Information gathering is essential for the conservation of the eagle ray in Ecuador

The National Government prohibited the retention of this species in fishing operations, but groups continue to report the arrival of these specimens in ports.

May 23, 2021 – 07h30

Habitat degradation and bycatch are the greatest threats to the eagle ray off the coast of Ecuador. Photo: Éricka Carrera

The eagle ray is present in continental Ecuador from the coasts of Esmeraldas to the north of the province of El Oro. It also inhabits the Galapagos Islands. Their shape, spots and their characteristic style of sailing the ocean make them one of the most empathetic marine species. Despite the fact that they inhabit a large maritime area and that the species is listed in the Vulnerable category, there is very little data on the species.

“In the country, individuals have been found in different fishing ports such as Chanduy (Santa Elena) and Santa Rosa (El Oro). This is because there is little general information about the species in the fishing community. Currently, targeted fishing [of the species] is prohibited, but there is incidental fishing,” indicates Ian Ronquillo, co-director of the regional network Aetos ID Ecuador.
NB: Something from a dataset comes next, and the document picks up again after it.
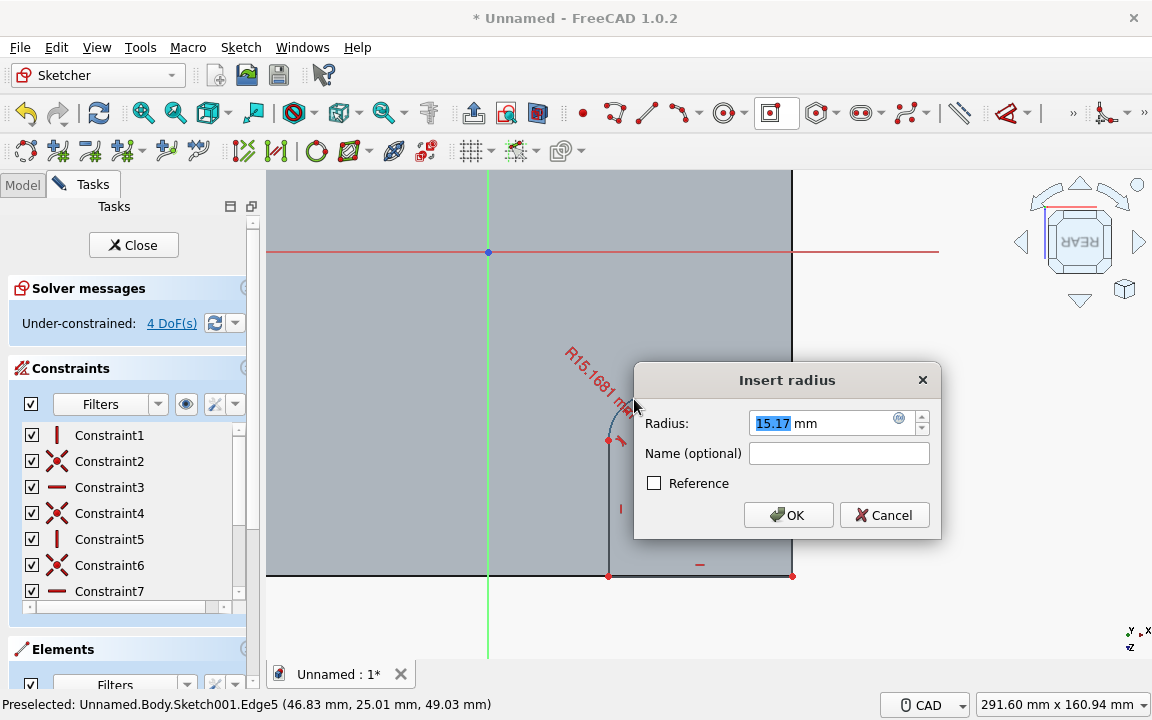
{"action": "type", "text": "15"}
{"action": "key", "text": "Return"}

There are five species recognized worldwide: A etobatus laticeps, A. ocellatus, A. flagellum, A. narutobiei, A. narinari. The first is the one that lives in the country. This species spends a lot of time near the surface of the sea owing to its highly developed musculature which allows this behavior, unlike sand rays. However, they also descend to the seabed to feed and rest. They can be found near the coasts since their food – essentially mollusks and crustaceans – is found there.

“One of the factors that has contributed to the fact that there is little data on this species worldwide is that previously there were fewer methods and technology to distinguish one eagle ray from another. Until 2010 or 2011 it was believed that only two species existed,” says Alejandra Castelo, director and founder of Aetos ID México.
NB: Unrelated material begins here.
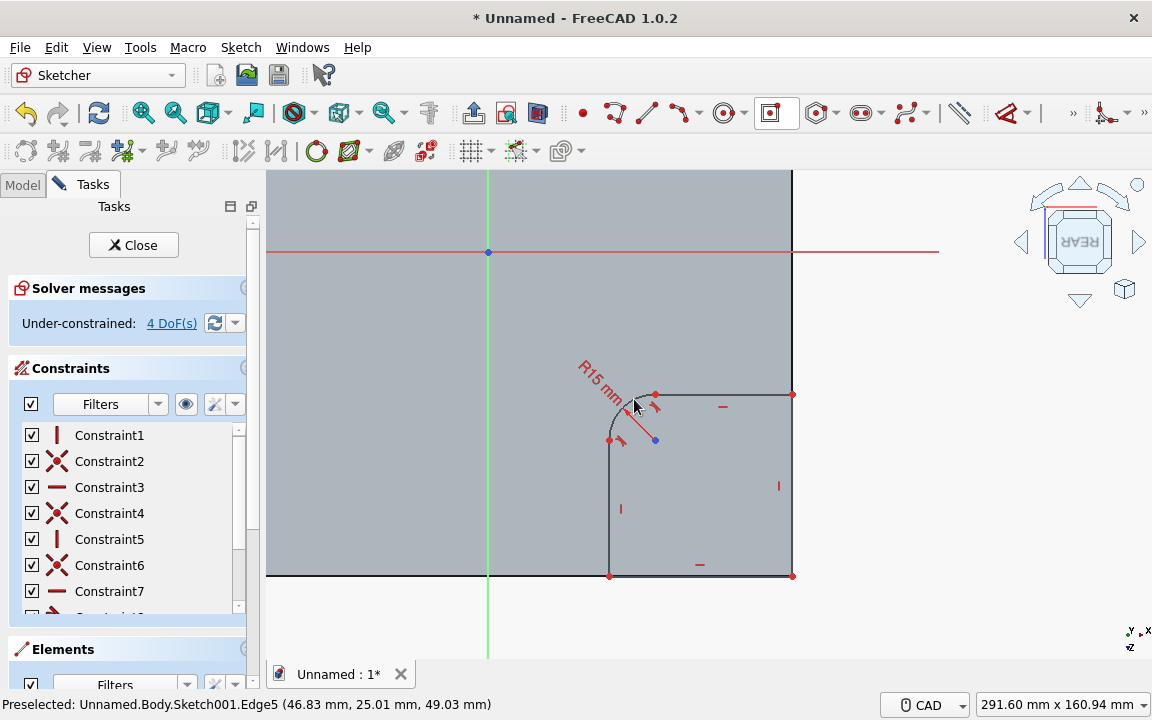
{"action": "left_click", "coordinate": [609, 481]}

There is not much information on the species in the country.  Experts collect data. Photo: Dana Bjarner

In fact, there are places where it is not known if the species of eagle rays that inhabit the area belong to those recognized by science so far: “For example, it is probable that the species of the Galapagos Islands is different from Aetobatus laticeps, for example. This reveals an important question: how can we care for a species if we don’t know so much about it? That is why divers are needed to help in this work ”, she adds.

This is confirmed by Ronquillo. He assures that the eagle rays of the Ecuadorian continental coasts (Aetobatus laticeps) do not have the same spotting patterns as those that inhabit the archipelago: “The scientific community is currently conducting studies to find out what the difference is between them. Perhaps we would speak of an ecotype (that have other types of spots, but are of the same species) as happens with orcas. For this reason, it is of vital importance to collect information in the country.”
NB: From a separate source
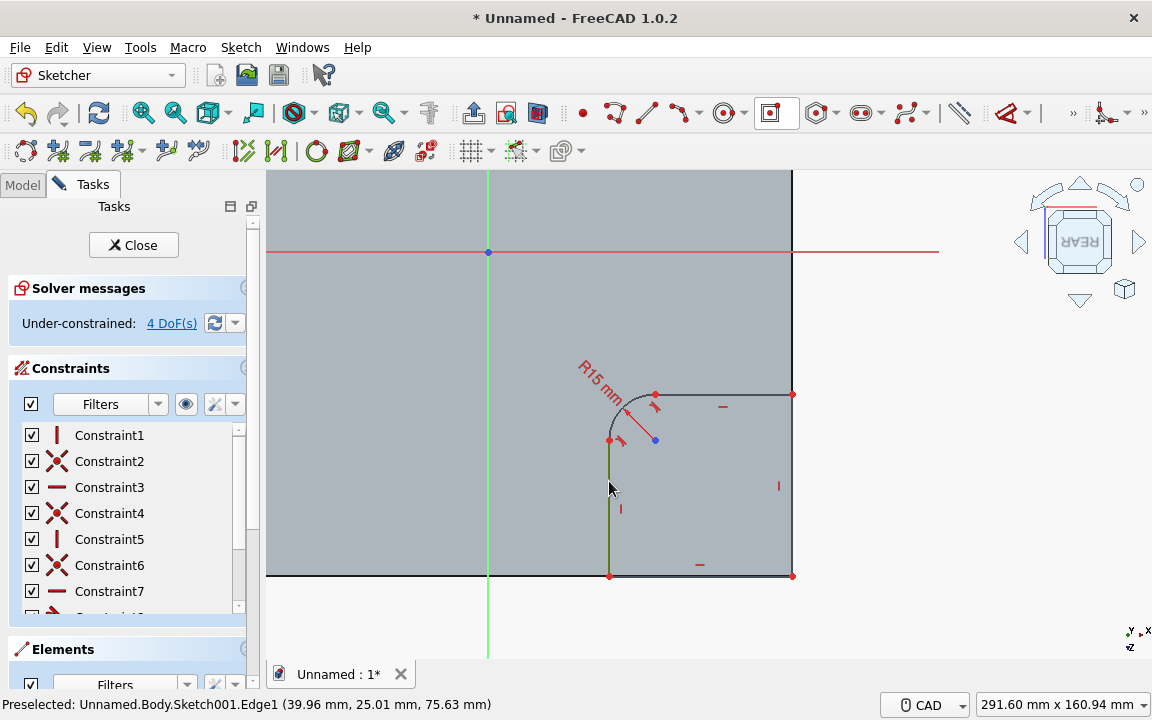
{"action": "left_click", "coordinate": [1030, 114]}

The eagle ray has different threats worldwide: targeted and incidental fishing, degradation of its habitat and uncontrolled or unregulated tourist activities  In addition, it has a fairly slow population growth – they give birth to few young and their gestation periods are long (up to twelve months), which complicates the recovery of the populations.

For Cecilia Torres, from the Pacífico Libre organization, the gathering of information on the eagle ray in Ecuador is fundamental, since “it is known that the ministerial agreement may fall if a species is not investigated and the value it has is not demonstrated” .

That is why Pacífico Libre organized, on May 19, a webinar dedicated to divers and recreational or professional freedivers to help with the registration of the species. In this workshop it was explained that two types of methodology have been developed to collect data. One is photoidentification and the other is citizen science, says Ronquillo.

The first is a tool that helps to have a photographic or video record of individuals. Through a software, the images are organized in a database and differentiated from each other based on the spots of the specimen. Capturing images can be done by divers or persons performing activities such as snorkeling and then contacting the organization or sending email records to .

“In the country, we need more data on their diet, in which places they congregate more … There are places such as Isla de la Plata or El Pelado islet that are tourist attractions due to the observation of these rays,” says Ronquillo. (I)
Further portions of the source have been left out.